Re: [RFC PATCH 0/4] cgroup aware workqueues
From: Michael Rapoport
Date: Fri May 27 2016 - 05:22:36 EST
> Tejun Heo <htejun@xxxxxxxxx> wrote on 03/31/2016 08:14:35 PM:
>
> Hello, Michael.
>
> On Thu, Mar 31, 2016 at 08:17:13AM +0200, Michael Rapoport wrote:
> > > There really shouldn't be any difference when using unbound
> > > workqueues. workqueue becomes a convenience thing which manages
> > > worker pools and there shouldn't be any difference between workqueue
> > > workers and kthreads in terms of behavior.
> >
> > I agree that there really shouldn't be any performance difference, but
the
> > tests I've run show otherwise. I have no idea why and I hadn't time
yet to
> > investigate it.
>
> I'd be happy to help digging into what's going on. If kvm wants full
> control over the worker thread, kvm can use workqueue as a pure
> threadpool. Schedule a work item to grab a worker thread with the
> matching attributes and keep using it as it'd a kthread. While that
> wouldn't be able to take advantage of work item flushing and so on,
> it'd still be a simpler way to manage worker threads and the extra
> stuff like cgroup membership handling doesn't have to be duplicated.
>
> > > > opportunity for optimization, at least for some workloads...
> > >
> > > What sort of optimizations are we talking about?
> >
> > Well, if we take Evlis (1) as for the theoretical base, there could be
> > benefit of doing I/O scheduling inside the vhost.
>
> Yeah, if that actually is beneficial, take full control of the
> kworker thread.
It me took a while, but at last I had time to run some benchmarks.

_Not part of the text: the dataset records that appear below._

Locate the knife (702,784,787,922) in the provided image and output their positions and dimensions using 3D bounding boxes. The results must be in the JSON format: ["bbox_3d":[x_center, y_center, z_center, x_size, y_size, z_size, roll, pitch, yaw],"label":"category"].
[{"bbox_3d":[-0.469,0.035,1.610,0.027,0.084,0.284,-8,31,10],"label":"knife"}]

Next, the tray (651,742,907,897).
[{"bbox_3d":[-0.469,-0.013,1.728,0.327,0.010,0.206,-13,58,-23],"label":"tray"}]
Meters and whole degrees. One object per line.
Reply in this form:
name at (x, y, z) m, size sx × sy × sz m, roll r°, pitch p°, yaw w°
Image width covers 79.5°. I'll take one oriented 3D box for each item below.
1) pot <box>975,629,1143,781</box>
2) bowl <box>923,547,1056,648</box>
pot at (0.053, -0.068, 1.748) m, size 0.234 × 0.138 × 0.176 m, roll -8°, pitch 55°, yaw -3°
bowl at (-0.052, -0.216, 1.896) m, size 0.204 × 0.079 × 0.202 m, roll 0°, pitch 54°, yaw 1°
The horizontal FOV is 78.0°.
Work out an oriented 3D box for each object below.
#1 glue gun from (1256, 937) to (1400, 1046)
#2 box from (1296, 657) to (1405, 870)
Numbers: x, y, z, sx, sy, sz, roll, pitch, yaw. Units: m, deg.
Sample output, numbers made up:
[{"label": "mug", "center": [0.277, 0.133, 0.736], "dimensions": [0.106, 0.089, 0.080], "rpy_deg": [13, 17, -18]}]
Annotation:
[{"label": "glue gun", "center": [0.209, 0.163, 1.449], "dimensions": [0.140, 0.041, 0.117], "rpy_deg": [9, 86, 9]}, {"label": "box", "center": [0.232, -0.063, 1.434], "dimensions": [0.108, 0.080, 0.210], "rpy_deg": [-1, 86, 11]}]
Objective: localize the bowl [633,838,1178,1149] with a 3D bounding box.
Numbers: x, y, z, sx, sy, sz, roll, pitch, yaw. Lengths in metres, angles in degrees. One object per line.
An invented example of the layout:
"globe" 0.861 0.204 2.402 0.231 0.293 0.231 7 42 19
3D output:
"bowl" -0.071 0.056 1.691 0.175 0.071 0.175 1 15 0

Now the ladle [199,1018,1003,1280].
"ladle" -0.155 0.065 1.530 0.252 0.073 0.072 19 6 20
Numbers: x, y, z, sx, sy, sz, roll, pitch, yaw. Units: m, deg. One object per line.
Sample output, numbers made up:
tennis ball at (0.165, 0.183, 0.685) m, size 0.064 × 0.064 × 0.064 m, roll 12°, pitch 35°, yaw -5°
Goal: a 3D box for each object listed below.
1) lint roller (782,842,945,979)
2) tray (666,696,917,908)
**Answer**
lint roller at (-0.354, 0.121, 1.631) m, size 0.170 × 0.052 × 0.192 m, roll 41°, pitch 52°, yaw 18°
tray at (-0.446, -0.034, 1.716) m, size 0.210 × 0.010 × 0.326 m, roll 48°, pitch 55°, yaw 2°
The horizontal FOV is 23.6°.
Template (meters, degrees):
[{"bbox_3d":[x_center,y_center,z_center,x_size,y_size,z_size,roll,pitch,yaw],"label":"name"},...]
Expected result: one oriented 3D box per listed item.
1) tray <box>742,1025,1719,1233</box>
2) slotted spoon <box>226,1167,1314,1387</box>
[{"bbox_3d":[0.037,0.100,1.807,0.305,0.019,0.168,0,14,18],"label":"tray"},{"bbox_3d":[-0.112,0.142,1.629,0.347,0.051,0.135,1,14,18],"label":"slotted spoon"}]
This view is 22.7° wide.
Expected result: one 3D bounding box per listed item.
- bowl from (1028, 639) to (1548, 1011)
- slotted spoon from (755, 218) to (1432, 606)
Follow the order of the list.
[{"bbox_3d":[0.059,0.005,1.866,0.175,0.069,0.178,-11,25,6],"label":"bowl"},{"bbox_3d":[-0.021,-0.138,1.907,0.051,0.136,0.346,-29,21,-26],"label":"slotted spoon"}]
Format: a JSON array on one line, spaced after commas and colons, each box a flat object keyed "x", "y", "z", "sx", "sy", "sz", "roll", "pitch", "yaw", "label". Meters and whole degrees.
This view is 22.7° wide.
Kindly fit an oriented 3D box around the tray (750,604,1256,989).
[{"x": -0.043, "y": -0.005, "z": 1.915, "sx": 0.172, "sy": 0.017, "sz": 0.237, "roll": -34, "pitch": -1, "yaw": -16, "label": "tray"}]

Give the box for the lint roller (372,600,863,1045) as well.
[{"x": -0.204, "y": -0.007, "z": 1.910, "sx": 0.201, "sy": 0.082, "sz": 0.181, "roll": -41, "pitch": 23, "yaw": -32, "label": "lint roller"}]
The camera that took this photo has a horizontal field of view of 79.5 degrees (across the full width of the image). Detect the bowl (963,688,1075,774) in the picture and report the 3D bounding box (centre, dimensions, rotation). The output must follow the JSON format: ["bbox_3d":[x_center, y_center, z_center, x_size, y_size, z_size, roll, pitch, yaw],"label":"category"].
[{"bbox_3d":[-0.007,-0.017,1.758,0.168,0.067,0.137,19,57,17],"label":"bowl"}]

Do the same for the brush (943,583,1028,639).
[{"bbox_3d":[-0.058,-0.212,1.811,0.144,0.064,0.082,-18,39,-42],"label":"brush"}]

I've compared guest-to-guest netperf with 3 variants of vhost
implementation:
(1) vanilla 4.4 (baseline)
(2) 4.4 + unbound workqueues based on Bandans patches [1]
(3) 4.4 + "grabbed" worker thread. This is my POC implementation that
actually follows your proposal to take full control over the worker
thread.
I've run two guests without any CPU pinning and without any actual
interaction with cgroups
Here's the results (in MBits/sec):
size | 64 | 256 | 1024 | 4096 | 16384
-----+-------+---------+---------+---------+---------
(1) | 496.8 | 1346.31 | 6058.49 | 13736.2 | 13541.4
(2) | 493.3 | 1604.03 | 5723.68 | 10181.4 | 15572.4
(3) | 489.7 | 1437.86 | 6251.12 | 12774.2 | 12867.9
>From what I see, for different packet sizes there's different approach
that outperforms the others.
Moreover, I'd expect that in case when vhost completely takes over the
worker thread there would no be difference vs. current state.
Tejun, can you help explaining these results?
[1] http://thread.gmane.org/gmane.linux.network/286858